[Data extracted from a collection]
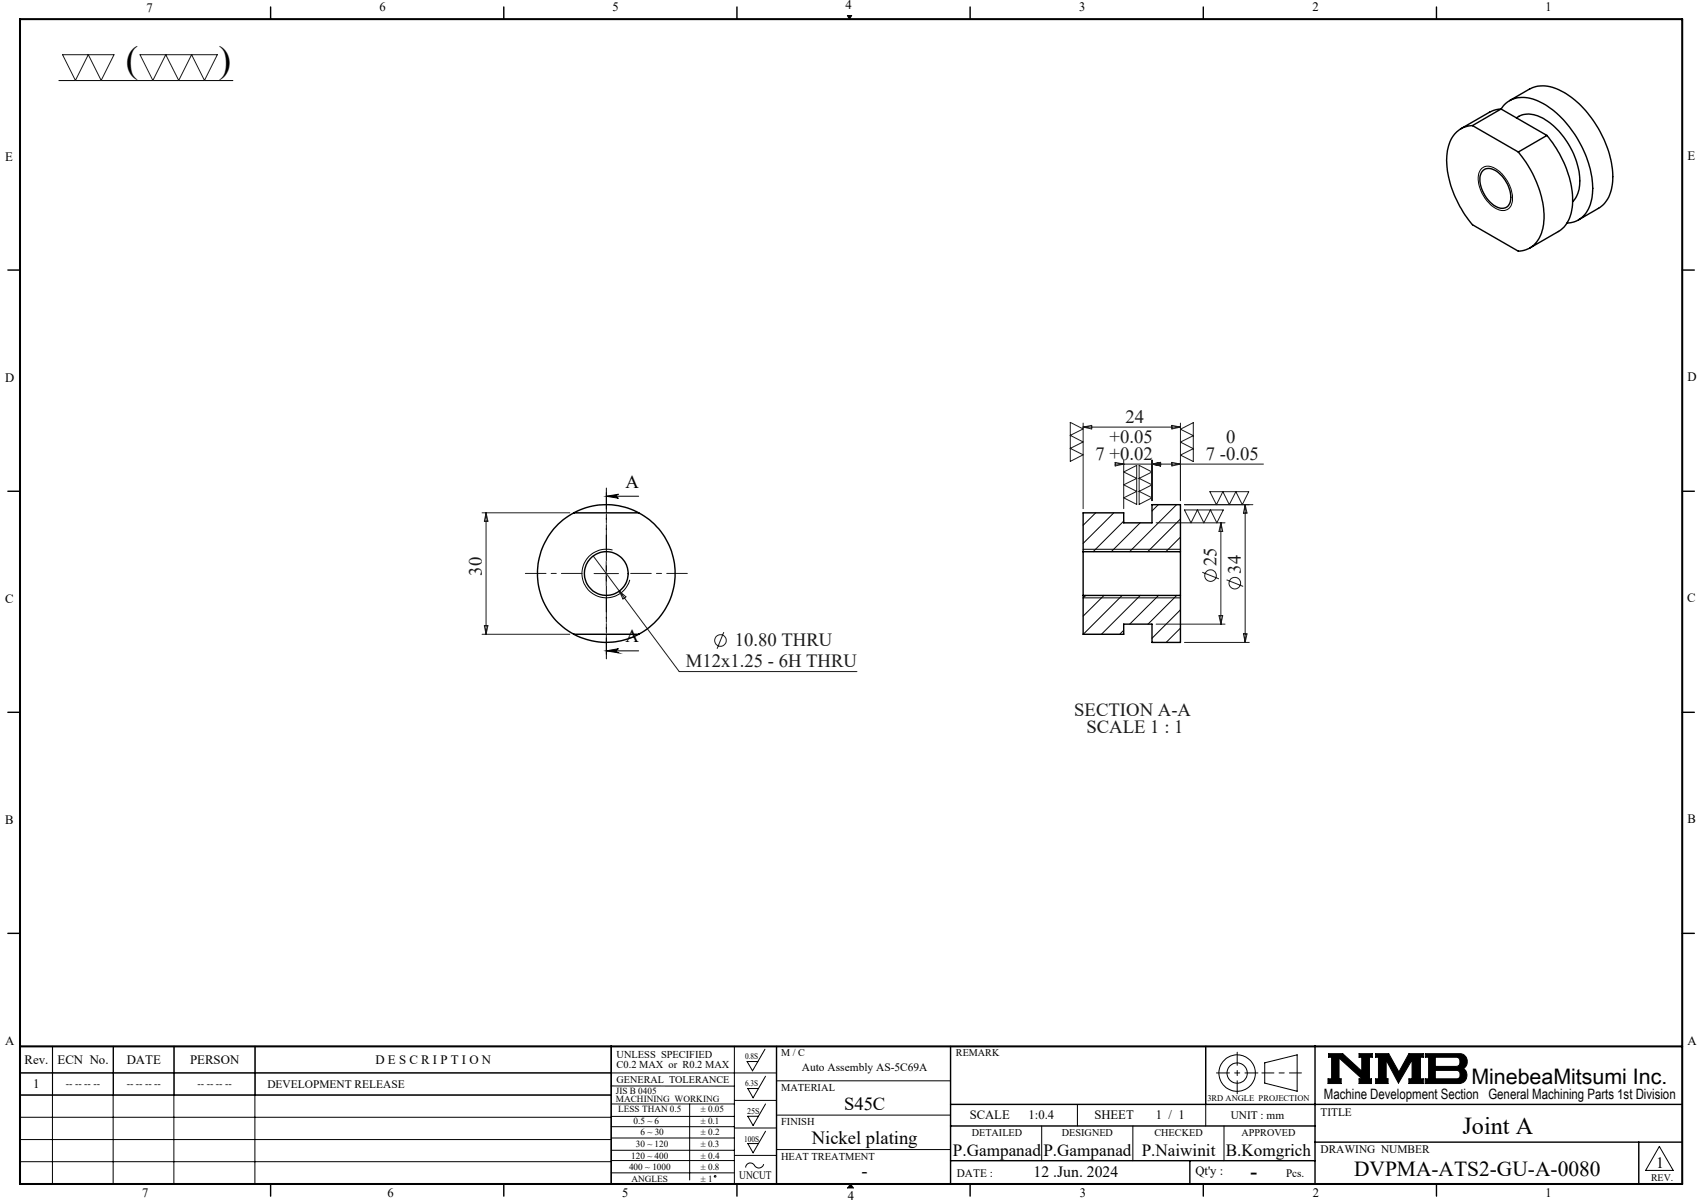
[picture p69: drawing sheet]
<svg xmlns="http://www.w3.org/2000/svg" width="420mm" height="297mm" viewBox="0 0 420 297" stroke-linecap="round" stroke-linejoin="round" font-family="sans-serif">
<defs><g id="words">
<g font-size="9.2">
<text x="31.1" y="17.7">(</text>
<text x="54" y="17.8">)</text>
</g>
<text font-size="6" x="361.1" y="280">Joint A</text>
<g font-size="5.3">
<text x="363.3" y="267.7">MinebeaMitsumi Inc.</text>
<text x="334.3" y="290.4">DVPMA-ATS2-GU-A-0080</text>
</g>
<text font-size="4.9" x="308.8" y="290.9">-</text>
<g font-size="4.6" fill="#191924">
<text x="277.9" y="104.3">24</text>
<text x="270.5" y="113.5">7 +0.02</text>
<text x="273.9" y="109.3">+0.05</text>
<text x="297.8" y="113.5">7 -0.05</text>
<text x="302.8" y="109.3">0</text>
<text x="118.9" y="142.1" transform="rotate(-90 118.9 142.1)">30</text>
<text x="300.4" y="139.7" transform="rotate(-90 300.4 139.7)">25</text>
<text x="306.4" y="141.6" transform="rotate(-90 306.4 141.6)">34</text>
<text x="181.4" y="159.6">10.80 THRU</text>
<text x="169.3" y="164.7">M12x1.25 - 6H THRU</text>
<text x="265.3" y="176.9">SECTION A-A</text>
<text x="268.3" y="181.1">SCALE 1 : 1</text>
</g>
<g font-size="4.6">
<text x="154.5" y="120.4">A</text>
<text x="154.5" y="158.5">A</text>
<text x="208.4" y="274.1">S45C</text>
<text x="200.4" y="282.4">Nickel plating</text>
<text x="212.8" y="290.6">-</text>
</g>
<g font-size="4.2">
<text x="235.3" y="285.5">P.Gampanad</text>
<text x="257.6" y="285.5">P.Gampanad</text>
<text x="281.9" y="285.5">P.Naiwinit</text>
<text x="302.7" y="285.5">B.Komgrich</text>
</g>
<g font-size="3.9">
<text x="255.2" y="290.6">12 .Jun. 2024</text>
<text x="408.9" y="288.2">1</text>
</g>
<text font-size="3.5" x="326.9" y="271.4">Machine Development Section General Machining Parts 1st Division</text>
<g font-size="3.2">
<text x="36.1" y="2.9">7</text>
<text x="93.7" y="2.8">6</text>
<text x="151.3" y="2.8">5</text>
<text x="208.8" y="2.2">4</text>
<text x="266.5" y="2.8">3</text>
<text x="324.1" y="2.8">2</text>
<text x="381.6" y="2.8">1</text>
<text x="1.3" y="39.8">E</text>
<text x="416.6" y="39.5">E</text>
<text x="1.3" y="94.3">D</text>
<text x="416.6" y="94.1">D</text>
<text x="1.3" y="148.9">C</text>
<text x="416.6" y="148.7">C</text>
<text x="1.3" y="203.6">B</text>
<text x="416.6" y="203.3">B</text>
<text x="416.6" y="258">A</text>
<text x="1.3" y="258.1">A</text>
<text x="6.1" y="262.7">Rev.</text>
<text x="14.2" y="262.7">ECN No.</text>
<text x="31.3" y="262.7">DATE</text>
<text x="46.9" y="262.7">PERSON</text>
<text x="92.7" y="262.7">D E S C R I P T I O N</text>
<text x="8.2" y="268.7">1</text>
<text x="239.4" y="276.2">SCALE</text>
<text x="254" y="276.2">1:0.4</text>
<text x="270.2" y="276.2">SHEET</text>
<text x="285.4" y="276.2">1 / 1</text>
<text x="295.2" y="290.1">Qt'y :</text>
<text x="35.1" y="295.5">7</text>
<text x="95.7" y="295.6">6</text>
<text x="153.6" y="295.6">5</text>
<text x="209.3" y="296.3">4</text>
<text x="266.6" y="295.6">3</text>
<text x="324.2" y="295.6">2</text>
<text x="381.6" y="295.6">1</text>
</g>
<g font-size="2.8">
<text x="66" y="268.6">DEVELOPMENT RELEASE</text>
<text x="198" y="264.5">Auto Assembly AS-5C69A</text>
<text x="326" y="275.4">TITLE</text>
<text x="303.9" y="276.2">UNIT : mm</text>
<text x="326" y="284.7">DRAWING NUMBER</text>
<text x="182.5" y="291.2">UNCUT</text>
<text x="236.3" y="290.7">DATE :</text>
<text x="317.6" y="290.6">Pcs.</text>
</g>
<g font-size="2.6">
<text x="152.2" y="261.3">UNLESS SPECIFIED</text>
<text x="152.2" y="263.7">C0.2 MAX or R0.2 MAX</text>
<text x="192.9" y="269.4">MATERIAL</text>
<text x="192.9" y="277.7">FINISH</text>
<text x="192.9" y="286.3">HEAT TREATMENT</text>
</g>
<g font-size="2.5">
<text x="192.9" y="260.7">M / C</text>
<text x="236" y="260.7">REMARK</text>
<text x="16.3" y="268.5">-- -- -- --</text>
<text x="31.3" y="268.5">-- -- -- --</text>
<text x="48.8" y="268.5">-- -- -- --</text>
<text x="152.3" y="267.3">GENERAL TOLERANCE</text>
<text x="239.9" y="280.5">DETAILED</text>
<text x="262.2" y="280.5">DESIGNED</text>
<text x="285.1" y="280.5">CHECKED</text>
<text x="306.6" y="280.5">APPROVED</text>
<text x="407.7" y="291.5">REV.</text>
</g>
<g font-size="2.3">
<text x="152.1" y="270">JIS B 0405</text>
<text x="152.1" y="272.1">MACHINING WORKING</text>
<text x="152.7" y="274.6">LESS THAN 0.5</text>
<text x="173" y="274.6">± 0.05</text>
<text x="156.4" y="277.4">0.5 ~ 6</text>
<text x="158.1" y="280.3">6 ~ 30</text>
<text x="173" y="277.4">± 0.1</text>
<text x="173" y="280.3">± 0.2</text>
<text x="155.9" y="286">120 ~ 400</text>
<text x="157" y="283.2">30 ~ 120</text>
<text x="173" y="283.2">± 0.3</text>
<text x="173" y="286">± 0.4</text>
<text x="155.3" y="288.9">400 ~ 1000</text>
<text x="155.9" y="291.7">ANGLES</text>
<text x="173" y="288.9">± 0.8</text>
<text x="173" y="291.7">± 1</text>
</g>
<g font-size="2.1">
<text x="184" y="261.5">0.8S</text>
<text x="184" y="268.1">6.3S</text>
<text x="184.5" y="275">25S</text>
<text x="298.1" y="271.8">3RD ANGLE PROJECTION</text>
<text x="183.7" y="281.9">100S</text>
</g>
</g></defs>
<g fill="none" stroke="#000" stroke-width=".25">
<path d="M14.5 19.9h43M209.2 3.8h1.1l-.6 .9zM366 41.5a3.6 3.6 0 0 1 4.5 1 8.4 8.4 0 0 1 2.7 8 2.49 2.49 0 0 1-4 .9 8.8 8.8 0 0 1-4-8.6zM149.7 122.5l3-.5a.49 .49 0 0 0-.5 .5 .49 .49 0 0 0 .5 .5zM149.7 122.5h8M151.2 135.8a6 6 0 0 0-7.3 4.2 6 6 0 0 0 4.3 7.4 6 6 0 0 0 7.3-4.2M267.4 135.6h24.1M270.5 126.6l-3.1 3.1M275 126.6l-7.6 7.6M277.5 128.7l-7.6 7.5M281.5 129.1l-7.1 7.1M286 124.6l-1.6 1.5"/>
<path d="M290.5 124.6l-11.6 11.6M291.5 132.6l-3.6 3.6M291.5 128.1l-8.1 8.1M267.4 147.6h24.1M268.1 147l-.7 .6M272.6 147l-5.2 5.1M277.1 147l-9.6 9.6M277.5 155.6l-1 1M281.6 147l-9.6 9.6M286.1 147l-7.2 7.1M290.5 147l-7 7.1M291.5 150.6l-7.1 7"/>
<path d="M291.5 155.1l-3.6 3.5M149.7 160.7l3-.5a.51 .51 0 0 0-.5 .5 .51 .51 0 0 0 .5 .5zM149.7 160.7h8M13 258.3l-.1 34M27.9 258.3v34M28 258.3v12M42.9 258.3v34M43 258.3v12M62.9 258.3v34M63 258.3v12M181.3 258.3v34M188.9 259l-3.1 5.4-1.3-2.3h2.6"/>
<path d="M4.9 264.9h186.8M4.9 270.4h146M4.9 275.8h146M150.9 278.2h30.4M150.9 275.6h30.4M150.9 272.6h30.4M150.9 268.1h30.4M151 270.3h-146v-12h146l-.1 34M170.3 272.6v18.7M181.3 271.7h10.4M181.3 278.5h10.4M189 272.6l-3.1 5.3-1.3-2.3h2.7"/>
<path d="M189 279.3l-3.1 5.3-1.3-2.3h2.7M189 265.7l-3.1 5.3-1.3-2.3h2.7M191.7 266.8h43M191.7 275.3h43M257.2 278v8.6M266 272.7v5.3M279.7 278v8.6M297.7 272.7v5.3M302.2 278v8.6M312.3 262.4l8-2v9l-8-2zM328 260.1h3.5l4.7 4.3v-3.4h-.6v-.9h3.2v.9h-.7v5.3h.5v1.2h-3v-1.2h.7l-5.7-5.1v5.1h.6v1.2h-3.3v-1.2h.9v-5.3h-.8zM339.7 260.1h3.2l2.5 4.6 2.5-4.6h3.5v.9h-.7v5.3h.7v1.2h-3.5v-1.2h.8v-4.6l-3.4 5.7-3-5.7v4.6h.4v1.2h-3v-1.2h.7v-5.3h-.7z"/>
<path d="M351.9 260.1h8.4a1.97 1.97 0 0 1 1.9 1.5 1.97 1.97 0 0 1-.9 2.2 2.03 2.03 0 0 1 .8 2.2 2.03 2.03 0 0 1-1.8 1.5h-8.4v-1.2h.8v-5.3h-.8zM354.4 261h5.4l.6 .5 .1 1a.84 .84 0 0 1-.8 .8h-5.3zM354.4 264.3h5.4l.6 .4 .1 1a.79 .79 0 0 1-.8 .6h-5.3zM4.9 281.3h146M4.9 286.8h146M150.9 280.9h30.4M150.9 286.5h30.4M150.9 284h30.4M150.9 289.6h30.4M181.3 285.3h10.4M188.6 287.4a1.29 1.29 0 0 1-1.2 1 1.29 1.29 0 0 1-1.3-.9 1.14 1.14 0 0 0-1.3-.3 1.14 1.14 0 0 0-.7 1.1M191.7 283.8h43"/>
<path d="M210 292.3l.7 1M409.7 283l3.4 6h-6.8z"/>
<circle cx="305.5" cy="264.9" r="2.51"/>
<circle cx="305.5" cy="264.9" r="4.5"/>
<circle cx="176.6" cy="290.4" r=".2"/>
</g>
<path d="M311.6 264.9h9.7" fill="none" stroke="#000" stroke-width=".25" stroke-dasharray="15.2 1.3 1.3 1.3" stroke-dashoffset="12.3"/>
<path d="M305.5 259.8v10.2M300.4 264.9h10.2" fill="none" stroke="#000" stroke-width=".25" stroke-dasharray="15.2 1.3 1.3 1.3" stroke-dashoffset="12"/>
<g fill="none" stroke="#000" stroke-width=".35">
<path d="M66.8 1.7v3M124.4 1.7v3M182 1.7v3M239.5 1.7v3M297.1 1.7v3M354.7 1.7v3M363.6 31a6.4 6.4 0 0 0-6.1 5.5 21.8 21.8 0 0 0 3.4 15.1l.8 1.4 1.9 2.5 11.3 6.5a6.4 6.4 0 0 0 6-5.5 22.5 22.5 0 0 0-3.7-15.8l-2.3-3.2M363.6 31l11.3 6.5M370.6 26.9a6.7 6.7 0 0 1 8.8-2.1 25 25 0 0 1 12.6 14.7 16.4 16.4 0 0 1 .2 12.1 6.1 6.1 0 0 1-5.3 3.5M370.6 26.9l-1.4 .2-1.4 .6-7.1 4.1M370.6 26.9l-7 4.1M370.6 26.9l11.4 6.5"/>
<path d="M372.7 24.8l5-2.8a8.3 8.3 0 0 1 8.3 .8 26.3 26.3 0 0 1 12.2 21.5 8 8 0 0 1-3.5 7.1l-5 2.9M374.4 29.1a6 6 0 0 1 6.7 .2 19.2 19.2 0 0 1 8.9 16.5 6.4 6.4 0 0 1-1.7 4M382 33.4a25.6 25.6 0 0 1 6.3 17.3 8 8 0 0 1-3.5 6.4l-7.1 4.1M382 33.4l-7.1 4.1M366.2 42a3 3 0 0 1 4 .8 7.8 7.8 0 0 1 2.7 7.2 2.39 2.39 0 0 1-4 .7 7.9 7.9 0 0 1-3.3-7.7zM1.9 66.7h3M415.4 66.7h3M1.9 121.3h3M141.7 126.6a17 17 0 0 0 0 30M141.7 126.6a16.9 16.9 0 0 1 16 0M141.7 126.6h16M157.7 126.6a17 17 0 0 1 0 30"/>
<path d="M267.4 136.2v10.8M267.4 136.2v-9.6h10.1v2.5h6.9v-4.5h7.1v11.6M267.4 136.2h24.1M291.5 136.2v10.8M415.4 121.3h3M141.7 156.6a16.9 16.9 0 0 0 16 0M141.7 156.6h16M267.4 147v9.6h10.1v-2.5h6.9v4.5h7.1v-11.6M267.4 147h24.1M1.9 175.9h3M415.4 175.9h3M1.9 230.4h3"/>
<path d="M415.4 230.4h3M150.9 258.3v34M191.7 258.3v34M234.7 258.3v34M297.7 258.3v14.4M324.7 258.3v34M234.7 272.7h180.7M234.7 278h90M66.8 292.3v3M124.4 292.3v3M182 292.3v3M234.7 286.6h90"/>
<path d="M239.5 292.3v3M293.8 286.6v5.7M297.1 292.3v3M324.7 282h90.7M354.7 292.3v3M404.6 282v10.3"/>
<circle cx="149.7" cy="141.6" r="5.4"/>
</g>
<path d="M4.9 4.7h410.5v287.6h-410.5zM4.9 258.3h410.5" fill="none" stroke="#000" stroke-width=".5"/>
<path d="M210 292.3l-.7 1h1.4" fill="none" stroke="#00f" stroke-width=".25"/>
<g fill="#000">
<path d="M210 292.3l.7 1h-1.4z"/>
<path d="M209.2 3.8l.5 .9 .6-.9zM328 260.1v.9h.8v5.3h-.9v1.2h3.3v-1.2h-.6v-5.1l5.7 5.1h-.7v1.2h3v-1.2h-.5v-5.3h.7v-.9h-3.2v.9h.6v3.4l-4.7-4.3zM351.9 260.1v.9h.8v5.3h-.8v1.2h8.6l.7-.2 .6-.5 .4-.8v-.8l-.3-.8-.6-.6 .8-.8 .2-1.3-.5-.9-.5-.5-.6-.2zM354.4 264.3h5.4l.6 .4 .1 1-.6 .6h-5.5zM354.4 261l5.5 .1 .5 .5v1.1l-.3 .5-.3 .1h-5.4zM339.7 260.1v.9h.7v5.3h-.7v1.2h3v-1.2h-.4v-4.6l3 5.7 3.4-5.7v4.6h-.8v1.2h3.5v-1.2h-.7v-5.3h.7v-.9h-3.5l-2.5 4.6-2.5-4.6z" fill-rule="evenodd"/>
</g>
<g fill="none" stroke="#191924" stroke-width=".25">
<path d="M15.5 13.5h12.7l-3.2 6.4-3.2-6.4-3.2 6.4zM34.6 13.5h19.1l-3.2 6.4-3.2-6.4-3.2 6.4-3.2-6.4-3.2 6.4zM264.3 104.3l3.1 1.6-3.1 1.6 3.1 1.6-3.1 1.6 3.1 1.6-3.1 1.6zM267.4 104.5v21.1M267.4 105.4h24.1M267.4 105.4l2.2-.4v.9zM275.3 114.6h36.7M275.3 114.2l2.2 .4-2.2 .4zM277.5 116.5l3.2-1.6v9.6l-3.2-1.6 3.2-1.6-3.2-1.6 3.2-1.6zM277.5 113.6v12M281.3 114.9l3.1 1.6-3.1 1.6 3.1 1.6-3.1 1.6 3.1 1.6-3.1 1.6zM284.4 113.6v10"/>
<path d="M284.4 114.6l2.2-.4v.8zM289.3 105l2.2 .4-2.2 .5zM289.3 114.2l2.2 .4-2.2 .4zM291.5 104.5v19.1M291.5 106l3.1-1.7v9.6l-3.1-1.5 3.1-1.6-3.1-1.7 3.1-1.5zM119 126.6h21.7M120 126.6v30M120 126.6l.5 2.1h-.9zM146.5 137.3l6.4 8.6M149.7 138.6v6M285.5 129.1h17M292.5 125.9h9.5l-1.5 3.2-1.6-3.2-1.6 3.2-1.6-3.2-1.6 3.2z"/>
<path d="M292.5 124.6h16.9M298.7 121.4h9.6l-1.6 3.2-1.5-3.2-1.7 3.2-1.6-3.2-1.5 3.2zM301.4 129.1v25M301.4 129.1l.5 2.1h-.9zM307.4 124.6v34M307.4 124.6l.5 2.1h-.9zM119 156.6h21.7M119.6 154.5h.9l-.5 2.1zM146.7 141.6h6M152.9 145.9l14.8 19.9h43.9M152.9 145.9l1.7 1.5-.8 .5zM178.7 156.1l-1.6 4.1"/>
<path d="M285.5 154.1h17M292.5 158.6h16M296.9 141.3l4.1 1.6M301 152h.9l-.5 2.1zM302.9 143.2l4.1 1.6M307 156.5h.9l-.5 2.1z"/>
<circle cx="177.9" cy="158.1" r="1.43"/>
<circle cx="298.9" cy="142.1" r="1.43"/>
<circle cx="304.9" cy="144" r="1.43"/>
</g>
<path d="M149.7 135.6v-14M143.7 141.6h-14M149.7 147.6v14M155.7 141.6h14" fill="none" stroke="#191924" stroke-width=".25" stroke-dasharray="15.2 1.3 1.3 1.3" stroke-dashoffset="10.1"/>
<path d="M149.7 120.5v42.2" fill="none" stroke="#000" stroke-width=".25" stroke-dasharray="6.3 1.3 1.3 1.3 1.3 1.3" stroke-dashoffset="1.1"/>
<path d="M149.7 122.5l3-.5a.49 .49 0 0 0-.5 .5 .49 .49 0 0 0 .5 .5zM149.7 160.7l3-.5a.51 .51 0 0 0-.5 .5 .51 .51 0 0 0 .5 .5z" fill="#000"/>
<use href="#words"/>
</svg>

[Task prompt] Find every line above that includes the word "stroke" and report only how many there are.

[Written solution] 10